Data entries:
[Start of Attachment]
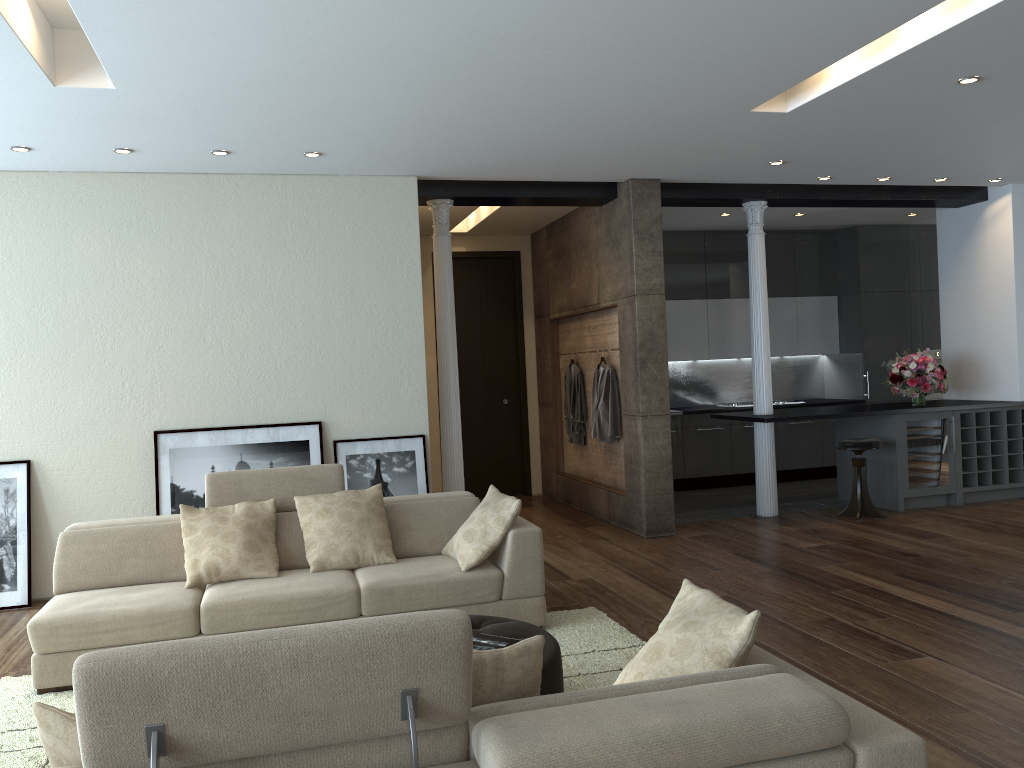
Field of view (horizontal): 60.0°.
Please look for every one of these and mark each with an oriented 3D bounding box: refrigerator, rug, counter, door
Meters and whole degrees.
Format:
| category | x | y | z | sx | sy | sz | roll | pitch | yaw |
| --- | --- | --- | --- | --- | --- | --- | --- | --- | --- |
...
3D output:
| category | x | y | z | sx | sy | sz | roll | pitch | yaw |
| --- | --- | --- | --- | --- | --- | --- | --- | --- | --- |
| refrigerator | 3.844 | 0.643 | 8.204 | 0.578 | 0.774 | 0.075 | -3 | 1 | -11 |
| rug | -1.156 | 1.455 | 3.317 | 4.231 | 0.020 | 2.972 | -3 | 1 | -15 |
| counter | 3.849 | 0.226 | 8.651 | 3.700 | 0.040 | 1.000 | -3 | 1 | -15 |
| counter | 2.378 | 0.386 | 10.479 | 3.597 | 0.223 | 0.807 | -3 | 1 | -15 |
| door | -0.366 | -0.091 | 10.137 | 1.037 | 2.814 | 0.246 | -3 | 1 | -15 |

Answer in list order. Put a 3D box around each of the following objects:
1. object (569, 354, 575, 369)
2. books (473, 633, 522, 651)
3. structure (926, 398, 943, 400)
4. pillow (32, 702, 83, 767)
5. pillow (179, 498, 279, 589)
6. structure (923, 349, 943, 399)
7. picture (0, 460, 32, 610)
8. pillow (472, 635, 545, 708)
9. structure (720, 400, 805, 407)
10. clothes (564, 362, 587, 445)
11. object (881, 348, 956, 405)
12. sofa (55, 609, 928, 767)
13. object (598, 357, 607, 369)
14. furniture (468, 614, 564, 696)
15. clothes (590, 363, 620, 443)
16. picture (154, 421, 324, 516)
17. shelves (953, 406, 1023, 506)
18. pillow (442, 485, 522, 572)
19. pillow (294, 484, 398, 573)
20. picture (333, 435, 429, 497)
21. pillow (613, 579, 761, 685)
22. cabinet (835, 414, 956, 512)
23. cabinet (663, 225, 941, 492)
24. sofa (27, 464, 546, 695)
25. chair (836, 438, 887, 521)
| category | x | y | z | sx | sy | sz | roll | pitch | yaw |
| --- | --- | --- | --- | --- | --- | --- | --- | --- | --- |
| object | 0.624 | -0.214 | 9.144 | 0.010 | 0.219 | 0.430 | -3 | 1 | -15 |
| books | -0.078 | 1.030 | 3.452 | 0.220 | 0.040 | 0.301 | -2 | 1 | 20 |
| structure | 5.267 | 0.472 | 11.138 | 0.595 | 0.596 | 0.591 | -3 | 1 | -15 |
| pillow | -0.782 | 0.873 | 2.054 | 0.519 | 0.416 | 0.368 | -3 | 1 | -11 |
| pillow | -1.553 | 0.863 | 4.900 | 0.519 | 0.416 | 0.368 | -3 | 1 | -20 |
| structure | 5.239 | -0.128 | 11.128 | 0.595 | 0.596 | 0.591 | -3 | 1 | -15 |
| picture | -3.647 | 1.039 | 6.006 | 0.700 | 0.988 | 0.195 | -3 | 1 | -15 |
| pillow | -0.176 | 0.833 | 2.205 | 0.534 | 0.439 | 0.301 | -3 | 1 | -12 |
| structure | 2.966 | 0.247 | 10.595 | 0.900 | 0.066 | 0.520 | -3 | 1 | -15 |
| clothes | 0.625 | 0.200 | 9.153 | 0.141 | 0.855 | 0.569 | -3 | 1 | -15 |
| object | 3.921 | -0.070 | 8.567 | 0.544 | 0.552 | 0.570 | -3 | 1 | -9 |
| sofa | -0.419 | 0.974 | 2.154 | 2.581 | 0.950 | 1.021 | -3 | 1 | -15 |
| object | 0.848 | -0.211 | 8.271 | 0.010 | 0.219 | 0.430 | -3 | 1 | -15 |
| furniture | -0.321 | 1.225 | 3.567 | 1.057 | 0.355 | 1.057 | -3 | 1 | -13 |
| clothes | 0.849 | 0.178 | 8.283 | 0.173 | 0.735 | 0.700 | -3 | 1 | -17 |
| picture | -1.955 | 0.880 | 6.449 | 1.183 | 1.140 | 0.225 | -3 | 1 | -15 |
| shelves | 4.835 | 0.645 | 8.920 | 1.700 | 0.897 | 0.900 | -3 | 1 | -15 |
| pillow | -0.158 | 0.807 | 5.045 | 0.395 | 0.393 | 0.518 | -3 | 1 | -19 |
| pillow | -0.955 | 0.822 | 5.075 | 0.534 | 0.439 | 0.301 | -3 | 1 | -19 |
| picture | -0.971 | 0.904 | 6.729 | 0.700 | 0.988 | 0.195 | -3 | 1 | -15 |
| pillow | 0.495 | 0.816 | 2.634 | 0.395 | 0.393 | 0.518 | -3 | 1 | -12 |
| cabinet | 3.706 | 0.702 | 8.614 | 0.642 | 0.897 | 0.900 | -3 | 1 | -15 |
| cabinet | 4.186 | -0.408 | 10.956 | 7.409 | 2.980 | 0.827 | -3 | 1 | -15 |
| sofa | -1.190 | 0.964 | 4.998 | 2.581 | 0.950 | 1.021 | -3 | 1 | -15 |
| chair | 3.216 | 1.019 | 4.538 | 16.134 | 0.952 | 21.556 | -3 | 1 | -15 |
[End of Attachment]
[Start of Attachment]
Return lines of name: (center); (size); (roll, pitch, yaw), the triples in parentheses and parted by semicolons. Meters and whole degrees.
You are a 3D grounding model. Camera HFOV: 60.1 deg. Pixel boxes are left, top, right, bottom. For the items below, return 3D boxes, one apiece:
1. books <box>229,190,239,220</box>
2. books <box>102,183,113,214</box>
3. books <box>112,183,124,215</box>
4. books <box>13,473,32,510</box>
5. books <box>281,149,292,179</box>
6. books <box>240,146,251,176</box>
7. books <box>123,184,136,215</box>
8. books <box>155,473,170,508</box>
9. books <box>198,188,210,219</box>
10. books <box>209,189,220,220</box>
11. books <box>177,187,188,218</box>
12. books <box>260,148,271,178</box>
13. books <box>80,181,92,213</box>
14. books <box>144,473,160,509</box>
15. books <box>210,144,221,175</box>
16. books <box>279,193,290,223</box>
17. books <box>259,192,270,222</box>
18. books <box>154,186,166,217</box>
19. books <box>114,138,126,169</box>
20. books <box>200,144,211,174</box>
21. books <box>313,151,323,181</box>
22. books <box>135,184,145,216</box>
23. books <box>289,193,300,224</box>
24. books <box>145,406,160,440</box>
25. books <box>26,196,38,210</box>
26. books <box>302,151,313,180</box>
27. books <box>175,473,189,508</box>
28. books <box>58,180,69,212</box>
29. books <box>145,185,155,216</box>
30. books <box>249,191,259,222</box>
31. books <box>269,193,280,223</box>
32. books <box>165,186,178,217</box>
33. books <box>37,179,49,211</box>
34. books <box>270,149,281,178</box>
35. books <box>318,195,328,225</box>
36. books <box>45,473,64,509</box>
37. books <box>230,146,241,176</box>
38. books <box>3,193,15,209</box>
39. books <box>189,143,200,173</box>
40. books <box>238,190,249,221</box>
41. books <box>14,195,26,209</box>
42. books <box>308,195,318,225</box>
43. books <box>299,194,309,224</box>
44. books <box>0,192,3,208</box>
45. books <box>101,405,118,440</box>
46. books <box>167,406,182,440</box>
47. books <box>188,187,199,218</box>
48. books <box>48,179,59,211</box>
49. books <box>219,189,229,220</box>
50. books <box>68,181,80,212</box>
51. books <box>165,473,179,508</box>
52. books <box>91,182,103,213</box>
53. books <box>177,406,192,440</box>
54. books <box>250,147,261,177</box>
[End of Attachment]
Your task is to retype the entries verbatim, starting with the line that holds "7. picture (0, 460, 32, 610)" and stopping after the line that holds "24. sofa (27, 464, 546, 695)".

Answer below:
7. picture (0, 460, 32, 610)
8. pillow (472, 635, 545, 708)
9. structure (720, 400, 805, 407)
10. clothes (564, 362, 587, 445)
11. object (881, 348, 956, 405)
12. sofa (55, 609, 928, 767)
13. object (598, 357, 607, 369)
14. furniture (468, 614, 564, 696)
15. clothes (590, 363, 620, 443)
16. picture (154, 421, 324, 516)
17. shelves (953, 406, 1023, 506)
18. pillow (442, 485, 522, 572)
19. pillow (294, 484, 398, 573)
20. picture (333, 435, 429, 497)
21. pillow (613, 579, 761, 685)
22. cabinet (835, 414, 956, 512)
23. cabinet (663, 225, 941, 492)
24. sofa (27, 464, 546, 695)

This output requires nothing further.